人間は、主に脂肪酸とブドウ糖(グルコース)をエネルギーとして利用しています。
脂肪酸は中性脂肪という形で体に蓄えられますし、ブドウ糖はグリコーゲンという形で体に蓄えられます。だから、少々、食事間隔が空いても中性脂肪やグリコーゲンを取り崩してエネルギー利用するので、体が動かなくなることはありません。
ブドウ糖は脂肪酸よりもエネルギーを生み出す速度は速いですが、生み出せるエネルギー量は少な目。一方、脂肪酸はブドウ糖よりもエネルギーを生み出すのに時間がかかりますが、その量は非常に多いです。
ブドウ糖と脂肪酸のどちらが主要なエネルギー源なのかは、その人の考え方によって異なります。ブドウ糖を主要なエネルギー源だと言う人もいれば、脂肪酸が主要なエネルギー源だと言う人もいます。でも、エネルギーの貯蔵という点では、人間の体はグリコーゲンではなく中性脂肪を好んでいると言えそうです。
グリコーゲンの貯蔵には4倍の水分が必要
糖質制限ダイエットをする人の多くは、短期間で体重減少効果を実感できます。この理由は、糖質(ブドウ糖)を摂取しないと体に蓄えたグリコーゲンが減るからだと言われることがあります。
ブドウ糖をグリコーゲンとして貯蔵する場合、その4倍の水分が必要です。だから、糖質制限ダイエットでグリコーゲンが減ると、その4倍の水分が失われる計算です。例えば、肝臓には100グラム弱のグリコーゲンを蓄えることができますが、糖質制限ダイエットで肝グリコーゲンが無くなると、約400グラムの水分も失うので、合計約500グラムの体重減少となります。
糖質制限ダイエットは、ただ水分を失うだけだと批判する人がいますが、グリコーゲン貯蔵に必要な水分の減少以上に体重が減少するので、その批判は当てはまりません。また、人体の約60%は水分ですから、単純に考えると減少した体重の60%も水分でなければ痩せた後の水分量60%を維持できません。したがって、どのようなダイエット法を採用したとしても、痩せれば減少した重量の約60%の水分は体外に出てしまうと考えられます。
中性脂肪の貯蔵には同量の水分が必要
では、中性脂肪を体に蓄える場合は、どれくらいの水分が必要なのでしょうか?
環境省の熱中症環境保健マニュアル2008に以下の記述があることから、中性脂肪1グラムの貯蔵には水分が1グラム必要だと考えられます。
概ね筋肉(骨格筋重量)の80%、脂肪(脂肪組織重量)の50%は水分で占められています。(30ページ)
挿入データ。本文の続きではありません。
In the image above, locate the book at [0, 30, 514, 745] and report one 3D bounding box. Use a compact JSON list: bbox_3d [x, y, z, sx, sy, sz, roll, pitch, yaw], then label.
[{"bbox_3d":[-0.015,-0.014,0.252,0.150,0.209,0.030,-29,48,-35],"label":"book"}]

他にも、検索してみると、中性脂肪の10%~30%の水分量が必要と書かれたウェブサイトがいくつかヒットしました。いずれの場合でも、グリコーゲンよりも少ない水分量で中性脂肪は体に蓄えられるようですね。
中性脂肪の貯蔵効率が圧倒的に優秀
さて、冒頭で、「エネルギーの貯蔵という点では、人間の体はグリコーゲンではなく中性脂肪を好んでいると言えそうです」と述べましたが、ここまで読まれた方は、その理由がわかったと思いますが、まだピンとこない方もいると思います。
解説しよう。
今、体重50kgで体脂肪率20%の女性がいたとしましょう。この女性が体に蓄えている中性脂肪は10kgと計算できます。
- 50kg×20%=10kg
10kgの中性脂肪を蓄えるためには10kgの水分が必要になるので、脂肪組織重量は合計20kgとなります。したがって、脂肪組織以外の体重は30kgですね。
アトウォーター係数では、1グラムの脂質の熱量は9kcalですから、中性脂肪10kgは、9万kcalの熱量に相当します。
もしも、9万kcalの熱量をグリコーゲンで蓄えることができたとしたら、いったいどれくらいの重量になるでしょうか?
ブドウ糖の熱量は、アトウォーター係数では1グラム当たり4kcalとされています。したがって、9万kcalの熱量をグリコーゲンで貯蔵すると、その重量は22.5kgにもなります。
- 90,000kcal÷4kcal=22,500グラム=22.5kg
「脂肪組織重量20kgと比較すると2.5kgだけグリコーゲンで貯蔵する方が重くなるのか」
そう思った方は、水分のことを忘れていますよ。
グリコーゲンの貯蔵には、その4倍の水分が必要になることは先ほど述べた通りです。したがって、22.5kgのグリコーゲン貯蔵には、なんと90kgの水分が必要になるのです。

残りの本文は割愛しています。